東京都では、ドローン物流サービスを早期に実装できるよう、2022年度から2024年度にかけて民間企業によるドローン物流の取り組みを支援しています。2024年11月には山間地域を対象に、ドローンによる配送の実証を行うことが発表されました。

この実証では、東京都青梅市にて、ドローンのレベル3.5飛行によって荷物が配送されます。また、災害時における自治体との連携を想定した検証も行われます。このプロジェクトでは、複数のドローンの同時飛行、高頻度での飛行、連続配送など、さまざまなケースを想定した実証が行われる予定です。
出典:東京都「山間地域のドローン物流実装に向けた宅配便および支援物資を想定した配送プロジェクトを実施します」

【岩手県】中山間地域におけるドローンを活用した実証実験

岩手県の中山間地域(山間地とその周りの地域)では、少子高齢化と人口減少が急速に進み、買い物が困難な人々が増えて問題視されています。その解決に向け、岩手県はドローン物流の取り組みを推進しています。

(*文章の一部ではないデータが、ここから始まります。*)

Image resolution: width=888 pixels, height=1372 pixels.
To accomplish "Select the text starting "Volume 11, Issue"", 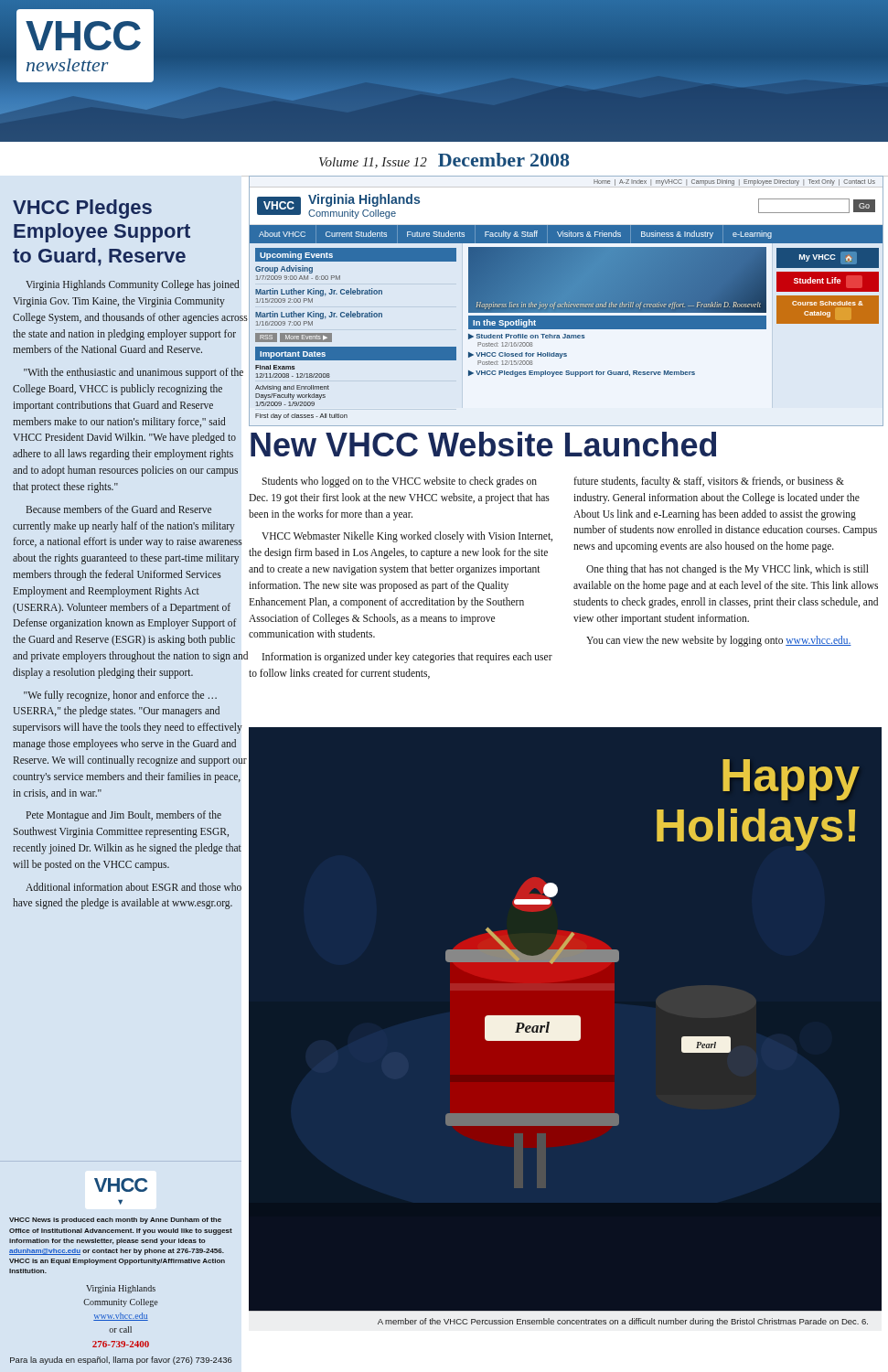I will [x=444, y=160].
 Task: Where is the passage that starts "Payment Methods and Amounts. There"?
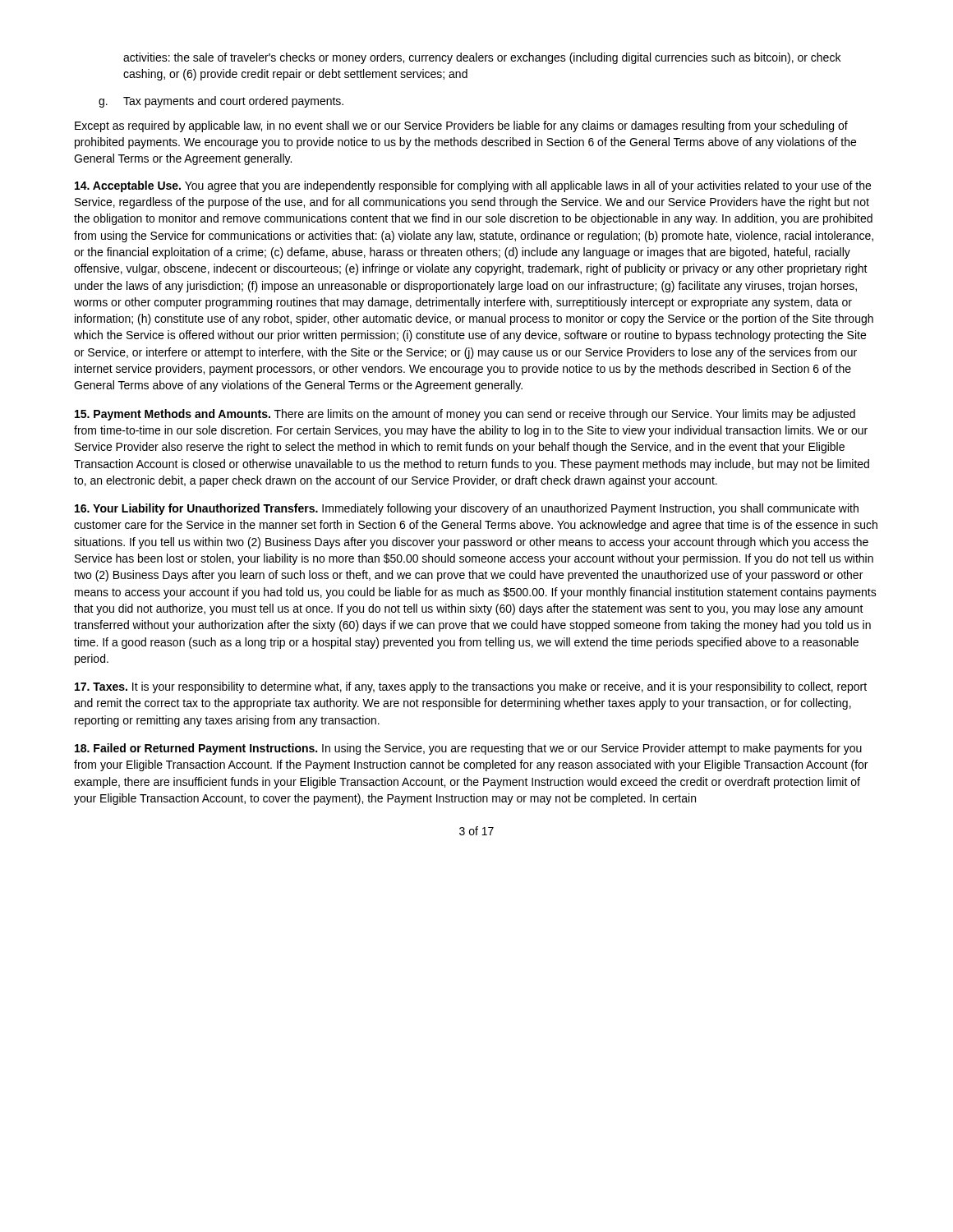476,447

2024年2月には岩手県下閉伊郡岩泉町にて、運送事業者と連携し、以下の2つのケースを想定したドローン物流の実証実験が行われました。

  • 配送効率の悪い荷物の一部をドローン配送に置き換える実験
  • 買物困難者にドローンで食料品などを配送することを想定した実験

出典:岩手県「令和5年度岩手県中山間地域におけるドローンを活用した地域課題解決に係る実証実験」

ドローン物流は物流業界を救う最新システム

ドローン物流は、逼迫する物流業界を救うと大きな期待が寄せられている最新システムです。
まだ新しい技術のため課題も残っていますが、導入されれば交通渋滞の緩和や過疎地・被災地への配送など、多くのメリットを得ることができます。そのため、ドローン物流を活用する流れが社会全体で加速しているのです。
この流れに乗り遅れないよう、メリットやデメリットを含め、ドローン物流の知識を深めておきましょう。